─── Information given ───

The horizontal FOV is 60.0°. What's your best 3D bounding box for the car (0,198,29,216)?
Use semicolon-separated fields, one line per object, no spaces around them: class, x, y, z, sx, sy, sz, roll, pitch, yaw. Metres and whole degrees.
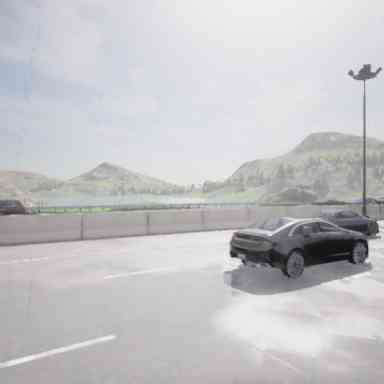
car;-14.222;1.293;23.783;4.553;1.767;2.097;0;0;-34

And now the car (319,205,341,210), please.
car;7.319;1.546;16.512;4.181;1.385;1.994;0;0;-30

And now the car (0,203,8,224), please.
car;-13.891;1.549;19.802;4.718;1.301;1.895;0;0;-35

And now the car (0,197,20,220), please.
car;-16.412;1.285;26.528;4.553;1.767;2.097;0;0;-34

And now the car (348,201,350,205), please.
car;22.590;1.436;43.620;5.008;1.535;1.882;0;0;-22

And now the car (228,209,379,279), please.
car;3.350;1.479;10.023;4.902;1.511;2.128;0;0;-33

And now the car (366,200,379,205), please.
car;21.903;1.190;35.783;5.566;2.045;2.150;0;0;-23
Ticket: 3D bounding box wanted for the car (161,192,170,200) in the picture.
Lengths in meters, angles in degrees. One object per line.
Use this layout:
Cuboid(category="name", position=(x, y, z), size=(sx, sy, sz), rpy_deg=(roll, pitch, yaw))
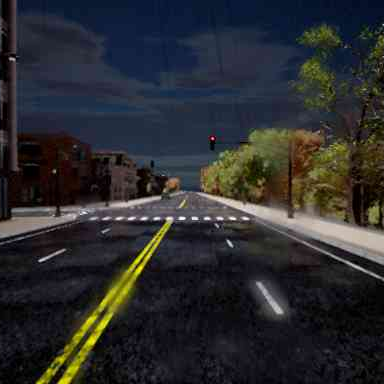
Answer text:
Cuboid(category="car", position=(-6.655, 0.990, 84.328), size=(2.150, 2.045, 5.566), rpy_deg=(0, 0, 0))
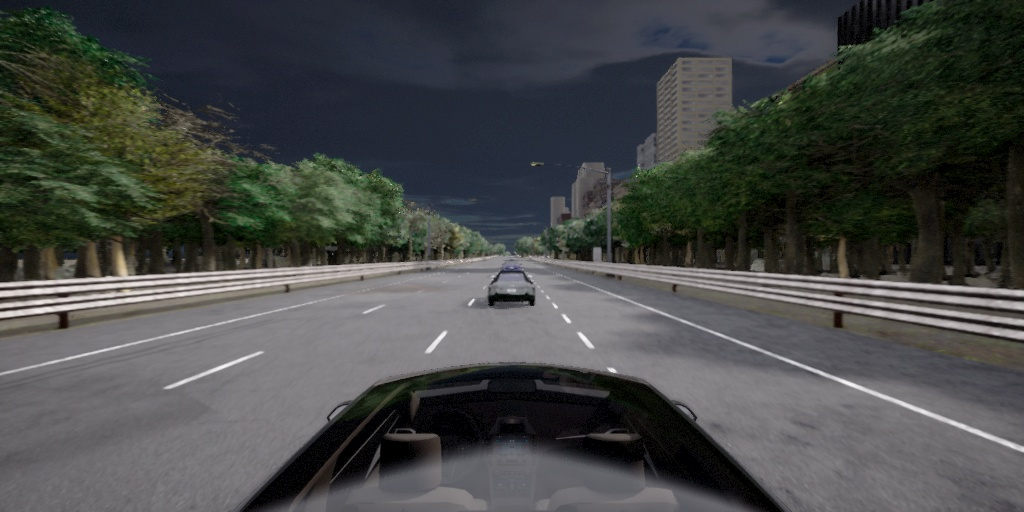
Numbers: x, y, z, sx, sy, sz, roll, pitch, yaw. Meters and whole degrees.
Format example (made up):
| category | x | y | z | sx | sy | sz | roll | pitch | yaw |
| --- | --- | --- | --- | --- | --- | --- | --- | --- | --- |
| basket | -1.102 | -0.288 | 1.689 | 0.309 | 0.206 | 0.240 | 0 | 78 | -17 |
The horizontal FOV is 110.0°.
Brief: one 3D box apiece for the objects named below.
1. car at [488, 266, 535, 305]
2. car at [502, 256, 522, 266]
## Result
| category | x | y | z | sx | sy | sz | roll | pitch | yaw |
| --- | --- | --- | --- | --- | --- | --- | --- | --- | --- |
| car | -0.013 | 1.331 | 16.101 | 1.994 | 1.385 | 4.181 | 0 | 0 | 0 |
| car | -0.025 | 1.174 | 38.044 | 2.097 | 1.767 | 4.553 | 0 | 0 | 0 |
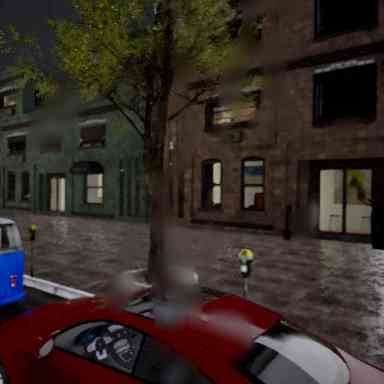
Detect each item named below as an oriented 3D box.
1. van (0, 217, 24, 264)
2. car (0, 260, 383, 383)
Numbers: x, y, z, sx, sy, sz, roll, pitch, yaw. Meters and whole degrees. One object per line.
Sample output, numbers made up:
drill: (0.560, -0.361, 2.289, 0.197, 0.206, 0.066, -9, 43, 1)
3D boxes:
van: (-4.869, 1.288, 6.340, 3.998, 1.788, 1.690, 0, 1, 35)
car: (-0.351, 1.568, 3.122, 4.206, 1.307, 1.802, 0, 1, 35)
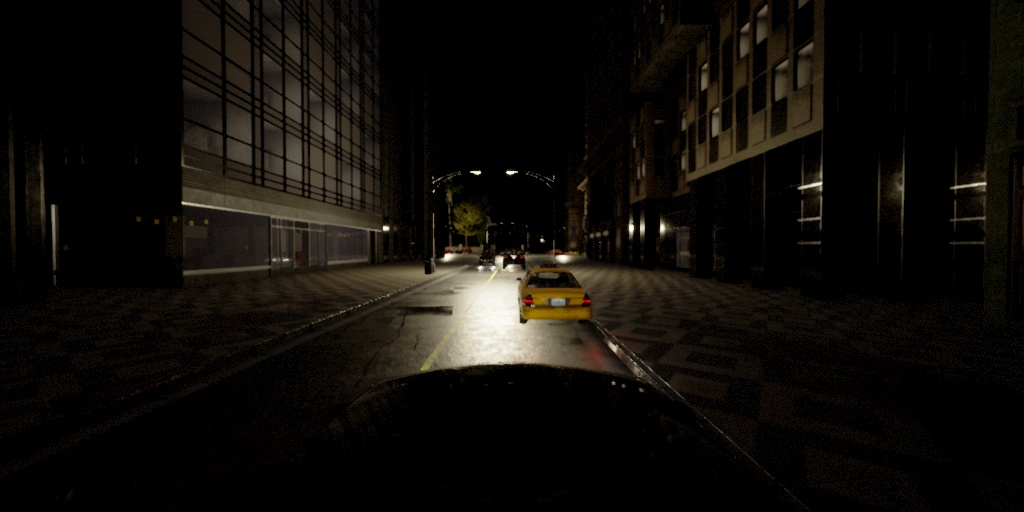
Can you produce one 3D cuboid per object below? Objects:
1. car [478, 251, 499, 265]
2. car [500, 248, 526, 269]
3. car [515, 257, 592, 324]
[{"bbox_3d":[-2.901,0.316,42.507,1.837,1.490,4.892,0,1,0],"label":"car"},{"bbox_3d":[0.213,0.191,35.523,2.150,2.045,5.566,0,1,1],"label":"car"},{"bbox_3d":[1.091,0.992,10.935,1.801,1.575,5.366,0,1,0],"label":"car"}]

───

▶ _Your objective_: Copy exactly the lines from the one containing "And now the car (0,197,20,220), please." through the last line of the records above, including both, and omit every picture.

▶ _Answer for the task_:
And now the car (0,197,20,220), please.
car;-16.412;1.285;26.528;4.553;1.767;2.097;0;0;-34

And now the car (348,201,350,205), please.
car;22.590;1.436;43.620;5.008;1.535;1.882;0;0;-22

And now the car (228,209,379,279), please.
car;3.350;1.479;10.023;4.902;1.511;2.128;0;0;-33

And now the car (366,200,379,205), please.
car;21.903;1.190;35.783;5.566;2.045;2.150;0;0;-23
Ticket: 3D bounding box wanted for the car (161,192,170,200) in the picture.
Lengths in meters, angles in degrees. One object per line.
Use this layout:
Cuboid(category="name", position=(x, y, z), size=(sx, sy, sz), rpy_deg=(roll, pitch, yaw))
Answer text:
Cuboid(category="car", position=(-6.655, 0.990, 84.328), size=(2.150, 2.045, 5.566), rpy_deg=(0, 0, 0))
Numbers: x, y, z, sx, sy, sz, roll, pitch, yaw. Meters and whole degrees.
Format example (made up):
| category | x | y | z | sx | sy | sz | roll | pitch | yaw |
| --- | --- | --- | --- | --- | --- | --- | --- | --- | --- |
| basket | -1.102 | -0.288 | 1.689 | 0.309 | 0.206 | 0.240 | 0 | 78 | -17 |
The horizontal FOV is 110.0°.
Brief: one 3D box apiece for the objects named below.
1. car at [488, 266, 535, 305]
2. car at [502, 256, 522, 266]
## Result
| category | x | y | z | sx | sy | sz | roll | pitch | yaw |
| --- | --- | --- | --- | --- | --- | --- | --- | --- | --- |
| car | -0.013 | 1.331 | 16.101 | 1.994 | 1.385 | 4.181 | 0 | 0 | 0 |
| car | -0.025 | 1.174 | 38.044 | 2.097 | 1.767 | 4.553 | 0 | 0 | 0 |
Detect each item named below as an oriented 3D box.
1. van (0, 217, 24, 264)
2. car (0, 260, 383, 383)
Numbers: x, y, z, sx, sy, sz, roll, pitch, yaw. Meters and whole degrees. One object per line.
Sample output, numbers made up:
drill: (0.560, -0.361, 2.289, 0.197, 0.206, 0.066, -9, 43, 1)
3D boxes:
van: (-4.869, 1.288, 6.340, 3.998, 1.788, 1.690, 0, 1, 35)
car: (-0.351, 1.568, 3.122, 4.206, 1.307, 1.802, 0, 1, 35)
Can you produce one 3D cuboid per object below? Objects:
1. car [478, 251, 499, 265]
2. car [500, 248, 526, 269]
3. car [515, 257, 592, 324]
[{"bbox_3d":[-2.901,0.316,42.507,1.837,1.490,4.892,0,1,0],"label":"car"},{"bbox_3d":[0.213,0.191,35.523,2.150,2.045,5.566,0,1,1],"label":"car"},{"bbox_3d":[1.091,0.992,10.935,1.801,1.575,5.366,0,1,0],"label":"car"}]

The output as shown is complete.